解放3




由紀
「…良かったです」


「………?」

由紀
「一舞ちゃんが先輩の前に現れてくれて…良かったです」


「……………」

由紀
「…話してくれてありがとうございます…先輩」


「……」

由紀
「やっぱりわたし、間違ってないですね。先輩は優しいです」


「…………」

由紀
「傷付いた経験がある人は、人の心を思いやることができるそうですよ。表面的なことだけじゃなく、もっと深い意味で優しくできる人なんです先輩は」


「……」
(まだ言うのかコイツは…)


 決めつけるような言葉にウンザリとしながら、尚も俺を良い人にしたい由紀を睨みつける。


由紀
「睨まれたって負けませんよ」


「!」

由紀
「わたしが一舞ちゃんの代わりになれるなんて思ってませんし、なろうとも思っていませんけど…苦しい時は、せめて甘えてください」


「…お…!?」


 言い終えるや否や、か細い腕が、俺の頭を引き寄せた。





由紀
「わたしだって、これくらいなら出来るんです」


 胸元から俺の耳へ、優しく伝わる振動。包み込まれる温度。

 その柔らかい声色と、仄かに感じる花の香りが、強張っていた俺の心を解していく。





「……………貧乳」

由紀
「う、うるさいです」


「!?」


 照れくささから自分の口をついて出た浅い台詞に驚き、反論を受けて更に驚く。

 それにしても何なんだ。

 コイツをこんな風にしたのは誰だ?まさか俺なのか?



「フン…生意気だな。まあいい。それよりもこんな事をして、俺がお前に変な気を起こしたらどうするんだ」

由紀
「その時は、思いっきり殴ってあげますから安心してください」


「…貴様の打撃など効くか」

由紀
「…知らないんですか?」


「…何をだ」

由紀
「愛の鞭って、痛いんですよ」


「……は?」

由紀
「先輩は、わたしには勝てません」


「……」

由紀
「というか、わたしが負けてあげませんから」


 そう言った声が少し震えている。

 無理をしてでも俺をなんとかしたいのか…やはり、由紀は由紀だな。



「……そうか。じゃあ遠慮なく…貧乳に寄りかかるとするか」

由紀
「貧乳じゃないですし、ていうかこれからなんですわたしは!」


「ふっ…いいから少し黙れ。今すごく…気分がいいんだ」

由紀
「………はい」



 腕をすり抜け、その膝に頭を乗せると、柔らかい笑顔が目の前にある。

 頬を赤らめながら俺の髪を優しく撫でる由紀の、その小さな手が今はとにかく愛おしい。
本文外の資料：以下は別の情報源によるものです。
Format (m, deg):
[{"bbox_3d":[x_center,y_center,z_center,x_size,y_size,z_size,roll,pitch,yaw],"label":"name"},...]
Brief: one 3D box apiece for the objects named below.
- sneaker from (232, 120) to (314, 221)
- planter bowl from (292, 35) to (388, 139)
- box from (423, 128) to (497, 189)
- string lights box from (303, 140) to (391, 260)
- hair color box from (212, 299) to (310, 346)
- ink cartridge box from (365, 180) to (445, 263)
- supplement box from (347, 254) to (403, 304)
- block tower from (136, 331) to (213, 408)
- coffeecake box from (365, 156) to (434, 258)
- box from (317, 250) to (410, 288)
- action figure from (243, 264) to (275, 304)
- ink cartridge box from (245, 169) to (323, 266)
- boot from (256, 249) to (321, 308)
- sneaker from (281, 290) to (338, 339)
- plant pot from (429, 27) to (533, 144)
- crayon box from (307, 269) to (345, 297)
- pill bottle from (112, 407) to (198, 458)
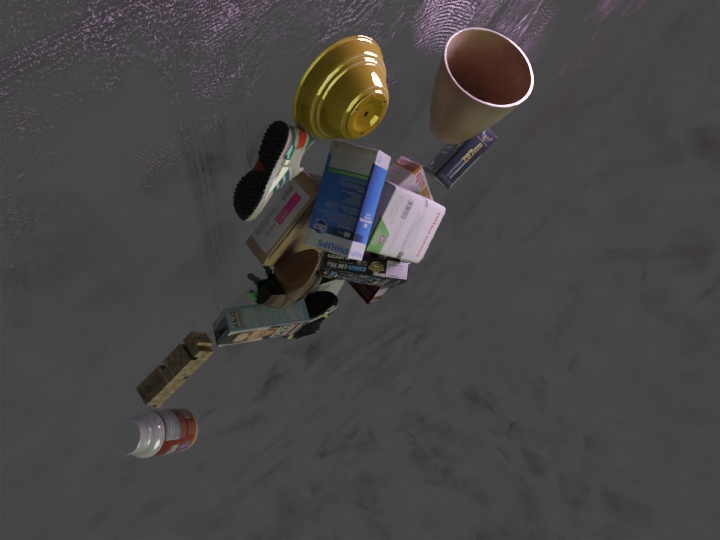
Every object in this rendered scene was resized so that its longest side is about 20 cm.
[{"bbox_3d":[-0.147,-0.166,0.958,0.093,0.070,0.200,-2,132,-50],"label":"sneaker"},{"bbox_3d":[-0.013,-0.291,0.941,0.200,0.083,0.200,-35,157,-17],"label":"planter bowl"},{"bbox_3d":[0.233,-0.276,1.297,0.158,0.051,0.200,-45,-168,10],"label":"box"},{"bbox_3d":[-0.025,-0.129,1.005,0.059,0.103,0.200,6,101,-63],"label":"string lights box"},{"bbox_3d":[-0.231,0.121,1.264,0.200,0.061,0.099,-5,157,-34],"label":"hair color box"},{"bbox_3d":[0.078,-0.108,1.188,0.200,0.084,0.146,12,108,-51],"label":"ink cartridge box"},{"bbox_3d":[0.053,-0.012,1.526,0.061,0.109,0.200,-11,143,-53],"label":"supplement box"},{"bbox_3d":[-0.424,0.228,1.239,0.200,0.054,0.058,-46,157,7],"label":"block tower"},{"bbox_3d":[0.073,-0.144,1.284,0.200,0.073,0.154,-43,139,-13],"label":"coffeecake box"},{"bbox_3d":[0.000,0.000,1.295,0.200,0.198,0.050,140,-40,-80],"label":"box"},{"bbox_3d":[-0.213,0.047,1.261,0.118,0.055,0.200,-38,161,-15],"label":"action figure"},{"bbox_3d":[-0.116,-0.099,1.130,0.200,0.075,0.165,-49,156,16],"label":"ink cartridge box"},{"bbox_3d":[-0.127,0.015,1.151,0.200,0.070,0.146,-34,168,26],"label":"boot"},{"bbox_3d":[-0.125,0.118,1.390,0.200,0.072,0.083,-31,143,26],"label":"sneaker"},{"bbox_3d":[0.223,-0.356,1.125,0.187,0.187,0.200,-32,171,-23],"label":"plant pot"},{"bbox_3d":[-0.129,0.079,1.464,0.126,0.052,0.200,-17,146,-46],"label":"crayon box"},{"bbox_3d":[-0.506,0.401,1.340,0.112,0.112,0.200,-45,158,7],"label":"pill bottle"}]

(そうだな…由紀の言うように、自然にまかせてみようか…)


 少しずつ、俺の中で何かが変わってきている。

 きっともっと、変えていける気がする。

 今はまだ、俺が甘えているだけかもしれないが、コイツの気持ちに応えられる日は、たぶんそう遠くないんだろう。


 2人で過ごしている時間は心地よく。

 優しい由紀の柔らかい香りに包まれて、俺はまた、眠りに落ちていった…





――――――substoryC

《斉藤 蓮》編


to be continue…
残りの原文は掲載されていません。